The Oxford University Press, 1468-1921. (Oxford, Clarendon Press. 58. net.) THIS beautifully printed and illustrated book should certainly find a place on the shelves of a lover of Oxford. There is a strong touch of réclame about it: but, for once, this admission need not be derogatory, for both in its history and in its services the Oxford Press possesses the right to speak well of itself. The first book printed at Oxford bears the date MCCCCLXVIII., but this is agreed to be an error, and it is supposed that an "x has dropped out from the true figure, which should be 1478. The book is a commentary on the Apostles' Creed attributed to St. Jerome.

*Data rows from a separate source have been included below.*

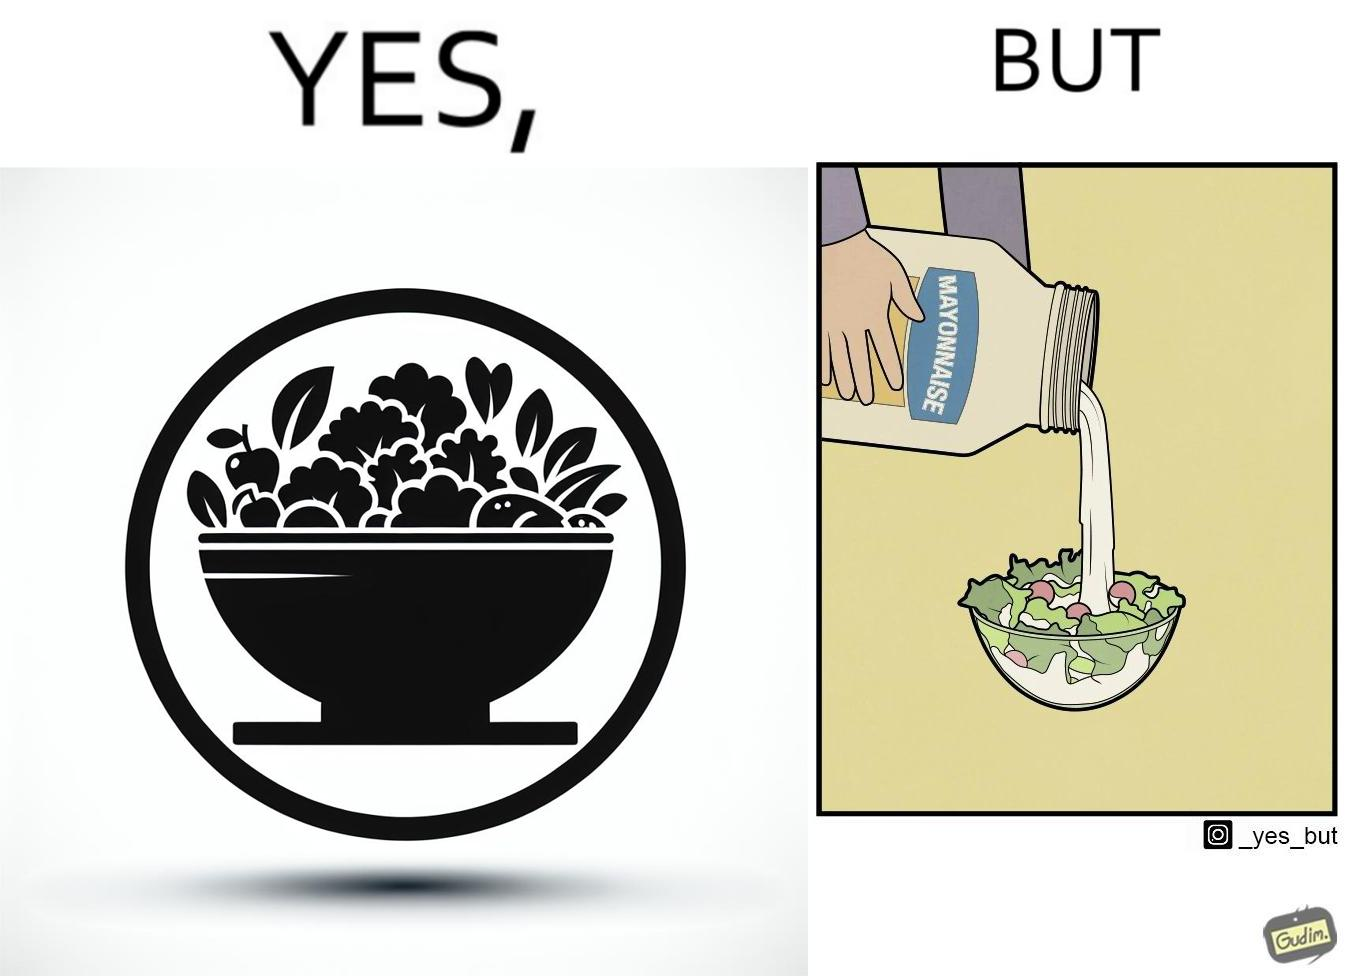Does this image contain satire or humor? Yes, this image is satirical. 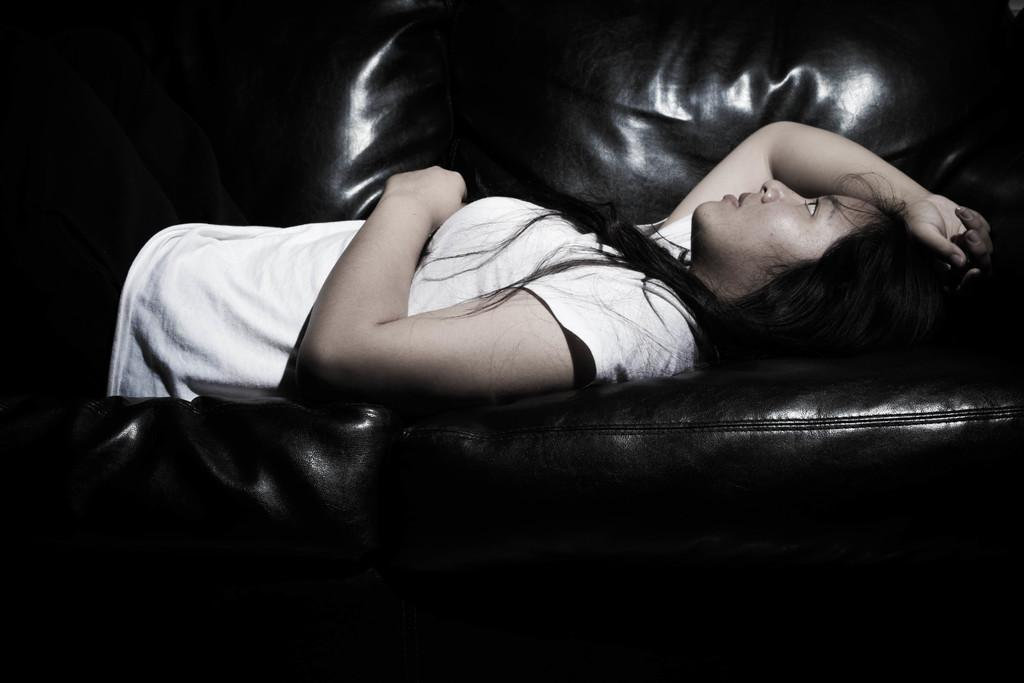What is the main subject of the image? There is a person in the image. What is the person doing in the image? The person is lying on a sofa. What type of pin can be seen holding the person's clothes together in the image? There is no pin visible in the image, and the person's clothes are not mentioned. 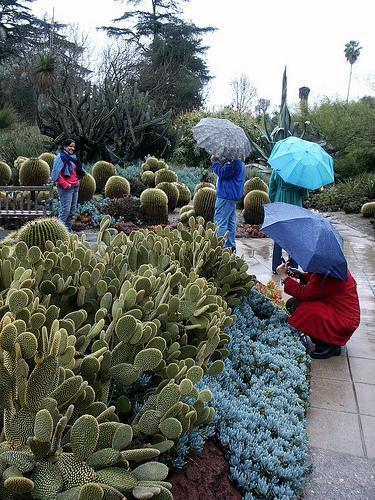How many umbrellas are in the photo?
Give a very brief answer. 3. How many people have red coats on?
Give a very brief answer. 1. How many people are in the photo?
Give a very brief answer. 4. 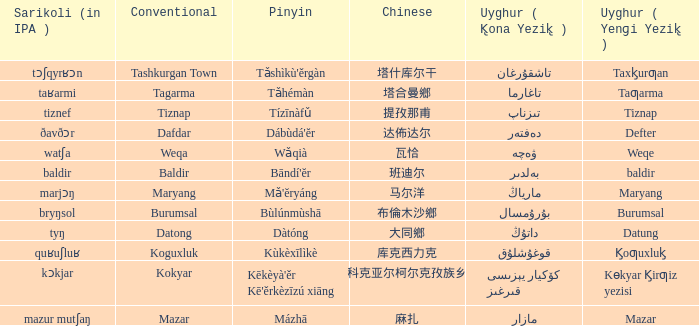Provide the uyghur equivalent for 瓦恰. ۋەچە. 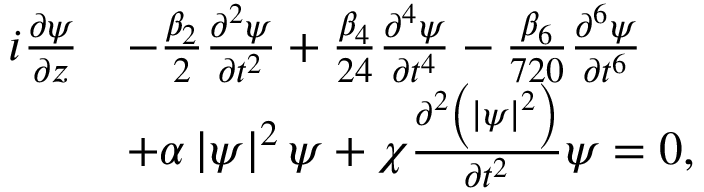Convert formula to latex. <formula><loc_0><loc_0><loc_500><loc_500>\begin{array} { r l } { i \frac { \partial \psi } { \partial z } } & { - \frac { \beta _ { 2 } } { 2 } \frac { \partial ^ { 2 } \psi } { \partial t ^ { 2 } } + \frac { \beta _ { 4 } } { 2 4 } \frac { \partial ^ { 4 } \psi } { \partial t ^ { 4 } } - \frac { \beta _ { 6 } } { 7 2 0 } \frac { \partial ^ { 6 } \psi } { \partial t ^ { 6 } } } \\ & { + \alpha \left | \psi \right | ^ { 2 } \psi + \chi \frac { \partial ^ { 2 } \left ( \left | \psi \right | ^ { 2 } \right ) } { \partial t ^ { 2 } } \psi = 0 , } \end{array}</formula> 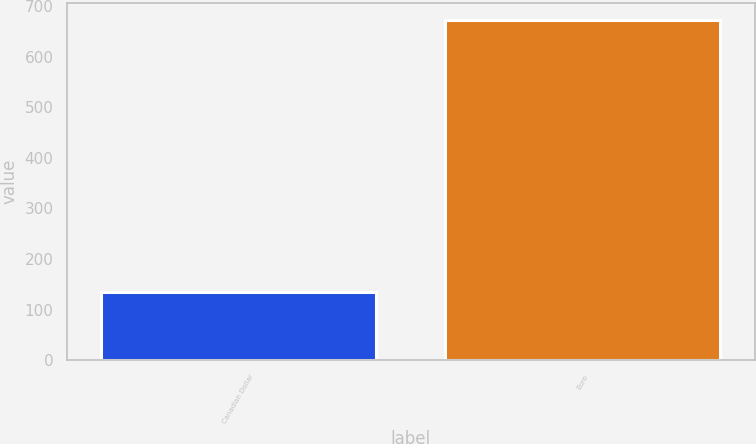Convert chart. <chart><loc_0><loc_0><loc_500><loc_500><bar_chart><fcel>Canadian Dollar<fcel>Euro<nl><fcel>135<fcel>673<nl></chart>

For sixty years or so in the sixteenth century the history of the Oxford Press is blank. Then Leicester revived it; followed in time by Laud, Fell, and Clarendon. It is needless to remind lovers of books of the beauty and interest of the Fell types, of which specimens are given here. There are also excellent reproductions of early title pages, wood-cuts, oriental types, headpieces and initials, and imprints with, to conclude, a very curious cut of a supposed OXford" with Osney in the distance, taken from Hearne's edition of Roper's Life of More (1716). The historical sketch is followed by sections-full of good detail-on the Press as it is to-day, both in England and abroad, and ou Oxford books.

CORRIGENDA.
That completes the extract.